Fitou as rugas da palma, aquelas da vida e da morte, e como se as estivesse a cheirar ao mesmo tempo disse:
-Há quanto tempo! Sabes, estão pequenas porque não te visitei antes. – tranquilizou-me, sim tranquilizou, mas não consegui falar porque ainda sentia frio e a pele dele era áspera da ausência.
- Porque demoraste? És quem eu penso? – disse confuso.
- Sabes que estou nas impurezas e nas flores que compraste ontem. Já agora, porque compraste narcisos no meio das outras, não te bastam os outros estames mais pequenos?
- Gosto da flor, é branca, como o ruído do sexo.
- «Que ruído tan triste lo que hacen dos cuerpos cuando se aman!»
Que ruído tão triste, não, não é triste, é húmido. A água tépida não tem humor. Creio portanto que não lhe devas chamar triste.
- Shhhh. As palavras são demais, e tu tens de me escrever mais regularmente. As tintas estão a secar e eu preciso de ti para engravidar de um sonho. Sente este ponto. – disse enquanto calcava a palma da mão.
Juntou-me as mãos tépidas e uniu-as quentes, e de repente não havia absolutamente ruído algum, nem de pombos, nem de cães.
- Tenho de ir. – sorriu e beijou-me a face esquerda.
Partiu como Judas e impacientemente remordo porque não percebi porque me viu a mão, nem porque me aquece a orelha esquerda há dias.
Quando abandono aquele espaço sinto o corpo avolumado, penso no ruído dos corpos e vou para casa. Coloco as flores na água fresca, as flores ainda estão frescas, talvez do frio, e deito-me gelado no sofá a escrever este texto enquanto lá fora há pessoas a gritarem e duas mulheres que choram. Morreu-lhes o cão.
E eu, sozinho, sem cão para morrer, acendo um cigarro e limpo um disco de Rachmaninoff que o ponho a girar no Telefunken.
As notas do piano engrossam e o fumo do cigarro dissolve os gritos das mulheres. Descanso as mãos nas pernas e o corpo da cabeça.
(...)
Fumo, fumo e fumo porque a orelha ainda aquece, há cães que ladram e eu sei que ele dorme em todas as divisões da casa.

19.1.07

verde génio.


Cheiro a colónia. É sangue de flores e erva, mas tem álcool e fixador.
Isto porque o meu corpo, ao contrário de Kafka, não se “escaravelhizou” (seja isso o que for). E não o fez porque hoje sou um molusco branco e dou por mim a pensar na fotossíntese das plantas e na razão física do verde.
Porque o verde tem um importante significado transfusional, assim como o azul lá de cima (já conheci um rapaz verde e eu já fui azul).
É como as crianças pintam a vida, já repararam, de verde e azul (o rosa e o encarnado só surgem quando lhes dizem que têm namorado(a)).
Grave seria usarem o verde e o azul noutra idade, porque descobrir a masturbação é guardar em caixas o deslumbramento dos guaches.
E há que ser crescido, crescido, crescido, não há tempo para tintas, e magenta é cor de menina. As flores já cheiram a finados porque a água apodreceu. As flores morrem depressa porque são frágeis, por isso não lhes toques, não lhes mires o estame que tem veneno.
É por isso que todos os sábados as senhoras (sim são só senhoras) oferecem a magia do verde ao mármore, porque os mortos são antídotos por excelência, e o veneno não lhes faz mal.
E se não tivéssemos deixado estragar a água das flores, e ao invés de mirar lhes tivéssemos arrancado os estames com a boca?
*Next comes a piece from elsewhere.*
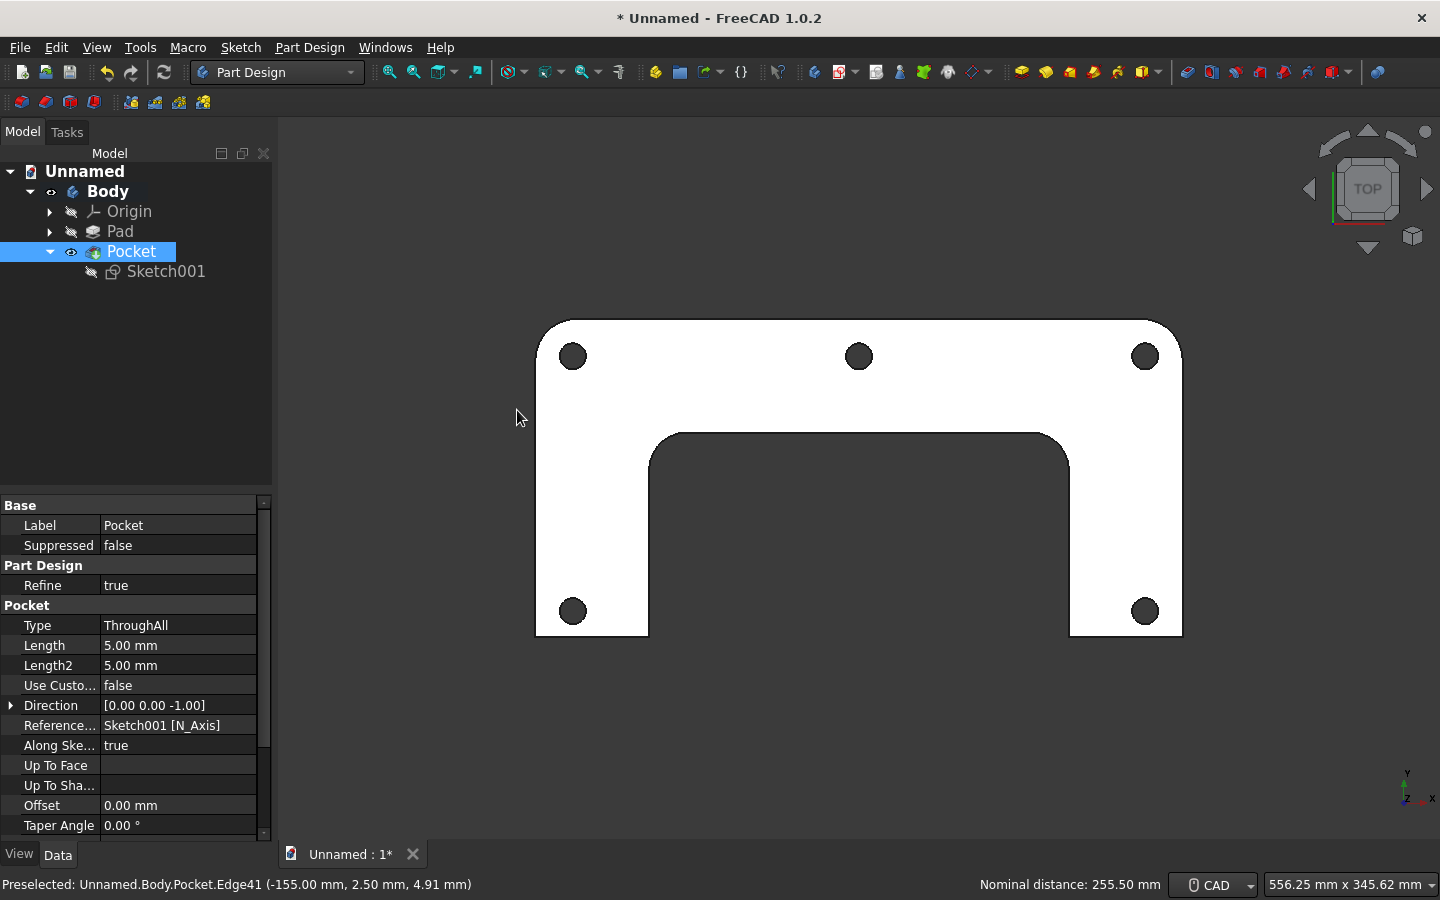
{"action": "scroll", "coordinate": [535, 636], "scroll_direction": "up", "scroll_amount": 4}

Será que crescemos, crescemos, crescemos?

Hoje em dia é fácil ser-se brilhante e bem comportado. As pessoas habitam as mesmas casas e todas obedecem ao conhecimento e à cultura das cores. O problema é que lhes falta o génio.

Falta a magia do verde e do azul.






17.1.07

processo criação de um corpo.



Palavras de lápis, textos a lápis, folhas de versos, versos na carne.

Experimentação. Estagiei na barriga velha de uma mulher velha do campo. Sentia-se o cheiro da lareira, dias depois da queima.
Muitas vindimas, muitos Outonos. Refeições de mosto. E o cheiro do mosto cheira a queima e álcool, cheira a lareira.

Palavras de lápis, textos a lápis, folhas de versos, versos na carne.

Senti corpos trespassarem-me. Houve vidas em trespasse. Era individual como dizem os senhores que pensam no indivíduo.

Palavras de lápis, textos a lápis, folhas de versos, versos na carne.

Senti depois o corpo tomar um corpo mais maciço e as palavras saiam bravas do corpo da boca. Carregava no lápis e nos sons da noite. Sons imberbes porque a noite morria antes do tempo. E eu vivia antes do tempo.

Palavras de lápis, textos a lápis, folhas de versos, versos na carne.

E o tempo pede contas e apresenta factura. E eu vivi antes do tempo fazer as contas. Não teve tempo. E eu também não.

Palavras de lápis, textos a lápis, folhas de versos, versos na carne.

Hoje não sei o que como, mas conheço o cheiro do mosto. Conheço alguns homens e algumas mulheres. Sou individual e sou freguês de cafés. O tempo já fez contas. Deitou-se comigo, e na manhã seguinte estava isento de impostos.


Palavras de lápis, textos a lápis, folhas de versos, versos na carne.

16.1.07

restaurante russo.



Ontem subi a calçada e vi dois homens que falavam. Homens de meia idade mas com pele vergada. Homens com velhice na cara (a minha avó também tem velhice na cara).
Falam possivelmente dos empregos enquanto correm a calçada num passo velhaco. Descem com a vontade de esgravatarem as chaves na porta de casa. Casa para bolçarem dentro o silêncio, não pelo facto da casa já estar morta, mas porque a idade já não permite chorar.
Fiquei com vontade de lhes dizer que fariam alguém feliz se chorassem. As lágrimas lavam manchas de mofo, de roupa e de raiva.
Dir-lhes-ia ao cruzar-me, que tenho na algibeira um volume de desencontros e um maço de mulheres perdidas. No casaco tenho homens que nunca se perderam. Nunca se encontraram.
Gostava de ter carpido com eles, ali na esquina do restaurante russo, onde provavelmente alguém dançava kalinka.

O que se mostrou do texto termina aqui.